Arabidopsis thaliana: cDNA Synthesis

After a successful total RNA isolation the RNA has to be translated in cDNA through RT-PCR:

  • Take 3 µg/µl of total RNA and add sterile H2 to 8 µl.

Additionally add

1,1 mM Oligo-d(T)-Primer
0,83 mM dNTPs
3,5 µl H2O
  • Vortex and centrifugate shortly.
  • Incubate the samples for 10 minutes at 70°C.
  • Immediately transfer the samples into ice water for 5 minutes.
  • After cooling the samples centrifugate shortly.
  • To start the synthesis add
6 µl 5xMMLV-Puffer
4,5 µl H2O
1 µl MMLV-reverse Transkriptase [200 U/µl]
0,5 µl RNasin RNase-Inhibitor [40 U/µl]
  • Mix the samples and centrifugate shortly.
  • Incubate for 1 hour at 42°C to translate the RNA into cDNA.
  • Transfer the samples to 70°C for 15 minutes to stop the reaction.
  • The new synthesized cDNA can be used for PCR after diluting 1:10 with water. Store the cDNA at -20°C.

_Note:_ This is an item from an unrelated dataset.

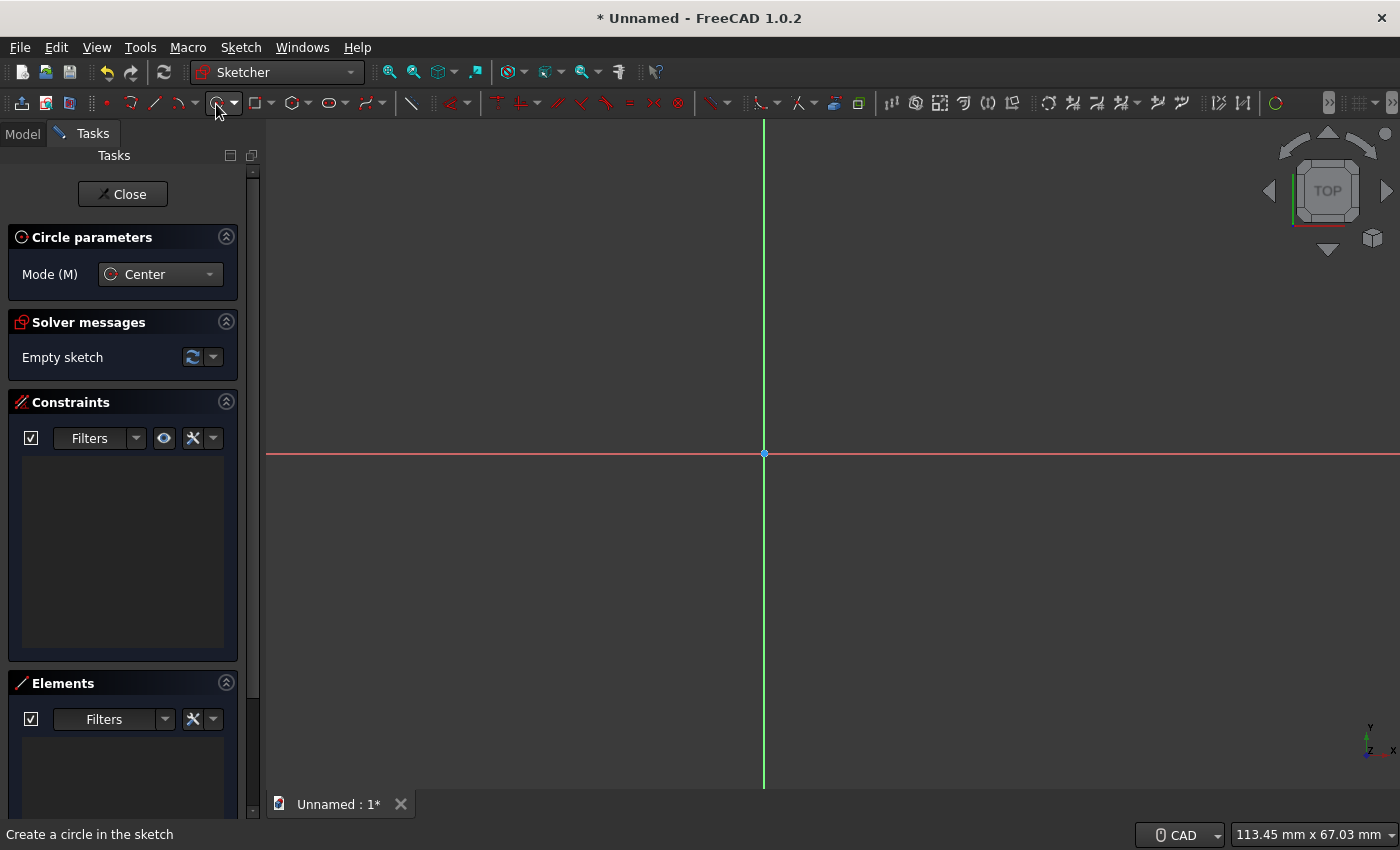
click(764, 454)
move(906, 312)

Ethanol precipitation to clean DNA

To get rid of distracting salts the DNA has to be cleaned. For this we used the following protocol:

  • If the volume of the sample containing the DNA is less than 200 µl bring the volume up to 200 µl.
  • Add 1/10th volume of 3M sodium acetate and mix.
  • Now add 2 volumes of -20°C cold 100% ethanol and vortex for 10 seconds.
  • The sample can now be placed in a -20°C freezer overnight or incubated for 30 minutes at -80°C.
  • Centrifugate for 10 minutes at 4°C.
  • Discard the supernatant containing the ethanol.
  • Wash the pellet with 500 µl 4°C cold 70% ethanol by rolling the sample gently.
  • Discard the supernatant.
  • Let the pellet dry at room temperature or speedvac the pellet.
  • Resuspend the Pellet in water (amount is depending on the size of the pellet).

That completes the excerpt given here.